Whenever a line below holds the word "instrument", copy that line.
━━━ Dataset records
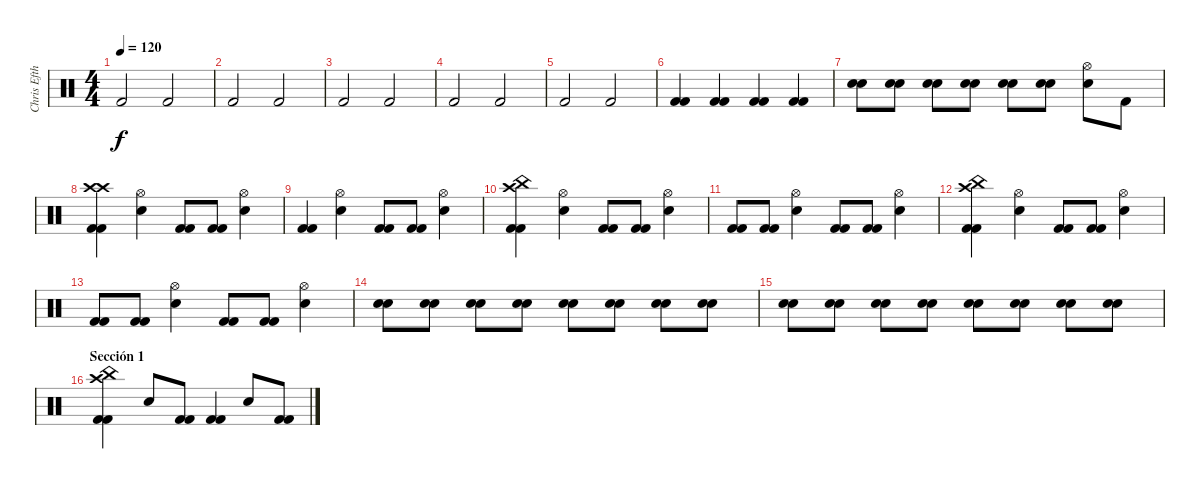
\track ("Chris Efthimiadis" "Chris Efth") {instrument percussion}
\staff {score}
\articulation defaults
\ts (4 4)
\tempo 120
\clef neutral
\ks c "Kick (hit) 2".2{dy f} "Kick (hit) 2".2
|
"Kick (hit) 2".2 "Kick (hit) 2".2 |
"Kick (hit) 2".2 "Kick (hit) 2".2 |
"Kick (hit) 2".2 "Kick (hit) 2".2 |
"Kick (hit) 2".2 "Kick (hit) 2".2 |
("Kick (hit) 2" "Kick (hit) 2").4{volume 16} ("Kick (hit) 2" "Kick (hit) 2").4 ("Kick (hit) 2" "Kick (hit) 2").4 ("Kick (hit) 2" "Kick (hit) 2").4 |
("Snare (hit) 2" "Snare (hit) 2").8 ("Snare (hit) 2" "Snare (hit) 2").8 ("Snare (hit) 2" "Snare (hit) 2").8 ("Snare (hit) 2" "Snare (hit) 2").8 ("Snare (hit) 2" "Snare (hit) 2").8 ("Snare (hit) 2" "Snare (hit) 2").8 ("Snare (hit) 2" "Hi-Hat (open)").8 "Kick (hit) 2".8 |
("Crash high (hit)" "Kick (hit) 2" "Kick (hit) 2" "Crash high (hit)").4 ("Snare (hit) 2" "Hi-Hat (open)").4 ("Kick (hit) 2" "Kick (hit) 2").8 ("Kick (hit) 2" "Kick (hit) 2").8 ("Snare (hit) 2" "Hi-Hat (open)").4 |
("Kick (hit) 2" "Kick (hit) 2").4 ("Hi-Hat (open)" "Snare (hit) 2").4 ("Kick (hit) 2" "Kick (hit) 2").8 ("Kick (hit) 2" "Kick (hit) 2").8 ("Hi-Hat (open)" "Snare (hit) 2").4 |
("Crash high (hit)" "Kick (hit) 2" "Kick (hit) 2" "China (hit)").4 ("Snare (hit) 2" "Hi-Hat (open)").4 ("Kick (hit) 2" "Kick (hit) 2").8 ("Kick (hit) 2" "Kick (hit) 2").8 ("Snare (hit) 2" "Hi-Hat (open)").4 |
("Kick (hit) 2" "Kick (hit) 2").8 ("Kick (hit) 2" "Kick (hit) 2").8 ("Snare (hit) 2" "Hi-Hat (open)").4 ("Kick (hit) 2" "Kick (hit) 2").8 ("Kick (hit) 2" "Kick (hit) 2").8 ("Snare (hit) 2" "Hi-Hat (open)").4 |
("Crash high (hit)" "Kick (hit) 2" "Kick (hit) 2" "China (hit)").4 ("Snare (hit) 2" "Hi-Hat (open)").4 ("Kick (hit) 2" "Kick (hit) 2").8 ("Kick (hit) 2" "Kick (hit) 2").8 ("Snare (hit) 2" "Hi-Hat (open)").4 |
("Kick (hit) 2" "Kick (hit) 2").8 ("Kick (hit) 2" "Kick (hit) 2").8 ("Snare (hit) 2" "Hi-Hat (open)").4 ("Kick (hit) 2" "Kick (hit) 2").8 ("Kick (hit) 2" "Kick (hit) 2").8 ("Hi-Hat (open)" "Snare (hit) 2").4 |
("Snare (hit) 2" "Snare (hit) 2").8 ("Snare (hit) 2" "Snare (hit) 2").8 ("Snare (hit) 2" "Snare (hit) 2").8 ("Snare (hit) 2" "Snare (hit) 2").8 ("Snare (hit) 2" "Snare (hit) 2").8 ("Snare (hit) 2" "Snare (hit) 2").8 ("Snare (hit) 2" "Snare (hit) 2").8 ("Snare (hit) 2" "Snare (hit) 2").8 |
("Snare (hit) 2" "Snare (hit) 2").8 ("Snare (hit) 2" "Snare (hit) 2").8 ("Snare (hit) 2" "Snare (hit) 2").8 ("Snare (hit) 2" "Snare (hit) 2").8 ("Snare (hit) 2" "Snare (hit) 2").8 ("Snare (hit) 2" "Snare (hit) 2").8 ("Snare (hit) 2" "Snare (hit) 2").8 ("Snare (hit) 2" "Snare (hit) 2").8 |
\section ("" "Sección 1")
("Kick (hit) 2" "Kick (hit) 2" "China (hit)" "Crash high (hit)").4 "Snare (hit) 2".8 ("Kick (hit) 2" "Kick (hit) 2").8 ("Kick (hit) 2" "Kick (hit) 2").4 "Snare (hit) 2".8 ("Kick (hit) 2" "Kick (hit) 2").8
━━━━━━
━━━ Dataset records
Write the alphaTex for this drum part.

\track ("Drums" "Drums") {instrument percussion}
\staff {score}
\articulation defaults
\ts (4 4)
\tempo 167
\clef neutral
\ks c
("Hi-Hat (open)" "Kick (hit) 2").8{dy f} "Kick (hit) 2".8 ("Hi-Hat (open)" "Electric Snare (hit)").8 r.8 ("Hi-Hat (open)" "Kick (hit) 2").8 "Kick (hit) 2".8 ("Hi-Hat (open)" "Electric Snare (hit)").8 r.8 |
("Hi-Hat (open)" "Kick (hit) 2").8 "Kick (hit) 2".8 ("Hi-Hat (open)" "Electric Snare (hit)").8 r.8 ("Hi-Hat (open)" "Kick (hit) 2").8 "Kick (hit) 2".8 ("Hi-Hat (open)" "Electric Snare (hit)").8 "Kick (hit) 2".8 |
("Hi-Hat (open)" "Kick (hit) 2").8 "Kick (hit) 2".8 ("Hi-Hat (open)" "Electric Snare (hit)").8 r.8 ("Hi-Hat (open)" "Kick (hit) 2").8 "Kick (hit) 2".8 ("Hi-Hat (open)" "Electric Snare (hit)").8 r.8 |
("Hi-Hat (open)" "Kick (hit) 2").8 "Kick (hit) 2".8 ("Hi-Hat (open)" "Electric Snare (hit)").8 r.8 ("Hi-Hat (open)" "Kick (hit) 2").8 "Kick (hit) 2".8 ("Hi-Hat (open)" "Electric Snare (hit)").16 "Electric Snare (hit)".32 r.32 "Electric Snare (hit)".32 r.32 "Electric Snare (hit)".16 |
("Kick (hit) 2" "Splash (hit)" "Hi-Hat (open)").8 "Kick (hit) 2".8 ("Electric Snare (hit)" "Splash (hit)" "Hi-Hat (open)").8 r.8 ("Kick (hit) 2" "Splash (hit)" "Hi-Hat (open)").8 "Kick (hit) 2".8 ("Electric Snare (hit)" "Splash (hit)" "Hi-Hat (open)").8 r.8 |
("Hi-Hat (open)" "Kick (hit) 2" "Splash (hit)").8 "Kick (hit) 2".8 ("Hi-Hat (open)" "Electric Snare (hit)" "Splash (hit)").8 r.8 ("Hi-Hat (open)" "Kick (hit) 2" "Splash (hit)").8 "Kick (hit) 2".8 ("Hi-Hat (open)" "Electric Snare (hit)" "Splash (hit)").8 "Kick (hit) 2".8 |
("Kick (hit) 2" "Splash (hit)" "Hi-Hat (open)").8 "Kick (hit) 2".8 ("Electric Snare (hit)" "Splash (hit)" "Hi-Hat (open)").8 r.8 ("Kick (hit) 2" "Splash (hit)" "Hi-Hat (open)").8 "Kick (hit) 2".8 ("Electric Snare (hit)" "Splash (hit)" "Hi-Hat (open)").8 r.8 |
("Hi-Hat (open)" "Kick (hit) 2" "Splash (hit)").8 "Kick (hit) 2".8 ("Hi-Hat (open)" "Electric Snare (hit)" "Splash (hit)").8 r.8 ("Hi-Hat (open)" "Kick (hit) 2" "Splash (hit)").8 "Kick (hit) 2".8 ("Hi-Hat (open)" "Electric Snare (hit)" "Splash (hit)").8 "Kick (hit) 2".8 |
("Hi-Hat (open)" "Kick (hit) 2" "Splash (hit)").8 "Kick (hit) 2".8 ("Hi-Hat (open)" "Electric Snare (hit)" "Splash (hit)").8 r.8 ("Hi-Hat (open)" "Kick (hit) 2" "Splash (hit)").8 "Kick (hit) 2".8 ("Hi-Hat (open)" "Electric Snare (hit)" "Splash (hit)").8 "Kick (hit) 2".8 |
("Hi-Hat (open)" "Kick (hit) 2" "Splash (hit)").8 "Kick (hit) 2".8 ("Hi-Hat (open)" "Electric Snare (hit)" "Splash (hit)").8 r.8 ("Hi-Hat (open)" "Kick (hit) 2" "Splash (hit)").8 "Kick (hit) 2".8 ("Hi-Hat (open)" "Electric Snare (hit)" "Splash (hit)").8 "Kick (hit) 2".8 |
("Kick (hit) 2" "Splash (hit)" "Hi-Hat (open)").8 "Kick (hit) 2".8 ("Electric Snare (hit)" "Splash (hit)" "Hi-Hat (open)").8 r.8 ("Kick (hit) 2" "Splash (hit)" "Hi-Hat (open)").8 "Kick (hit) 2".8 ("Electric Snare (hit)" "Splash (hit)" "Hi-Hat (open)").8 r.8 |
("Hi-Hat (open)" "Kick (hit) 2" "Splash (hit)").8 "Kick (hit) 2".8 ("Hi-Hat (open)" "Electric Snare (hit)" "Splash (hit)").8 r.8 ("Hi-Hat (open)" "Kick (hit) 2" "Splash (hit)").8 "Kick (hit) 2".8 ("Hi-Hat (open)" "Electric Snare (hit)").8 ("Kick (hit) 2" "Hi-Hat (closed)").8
━━━━━━
━━━ Dataset records
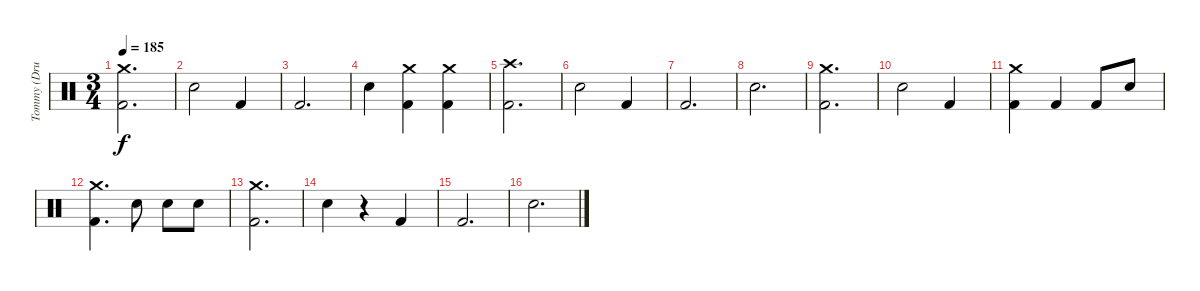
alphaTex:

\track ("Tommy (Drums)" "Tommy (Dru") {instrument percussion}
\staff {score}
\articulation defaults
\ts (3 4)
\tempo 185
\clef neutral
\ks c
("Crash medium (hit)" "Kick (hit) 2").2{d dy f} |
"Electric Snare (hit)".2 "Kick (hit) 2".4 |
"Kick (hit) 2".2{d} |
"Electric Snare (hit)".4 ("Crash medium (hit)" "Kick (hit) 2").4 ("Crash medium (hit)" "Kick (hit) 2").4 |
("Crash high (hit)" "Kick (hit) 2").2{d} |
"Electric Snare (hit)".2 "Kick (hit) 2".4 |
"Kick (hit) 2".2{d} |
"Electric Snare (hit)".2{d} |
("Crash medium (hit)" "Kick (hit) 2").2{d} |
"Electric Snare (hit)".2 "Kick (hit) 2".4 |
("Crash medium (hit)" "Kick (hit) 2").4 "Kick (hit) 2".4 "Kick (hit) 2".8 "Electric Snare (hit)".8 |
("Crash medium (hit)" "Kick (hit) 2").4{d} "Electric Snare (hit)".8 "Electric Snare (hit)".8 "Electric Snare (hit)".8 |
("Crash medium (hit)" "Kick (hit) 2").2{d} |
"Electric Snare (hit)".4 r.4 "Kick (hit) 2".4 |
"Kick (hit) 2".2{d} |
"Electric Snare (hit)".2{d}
━━━━━━
## Exercise solution
\track ("Chris Efthimiadis" "Chris Efth") {instrument percussion}
\track ("Drums" "Drums") {instrument percussion}
\track ("Tommy (Drums)" "Tommy (Dru") {instrument percussion}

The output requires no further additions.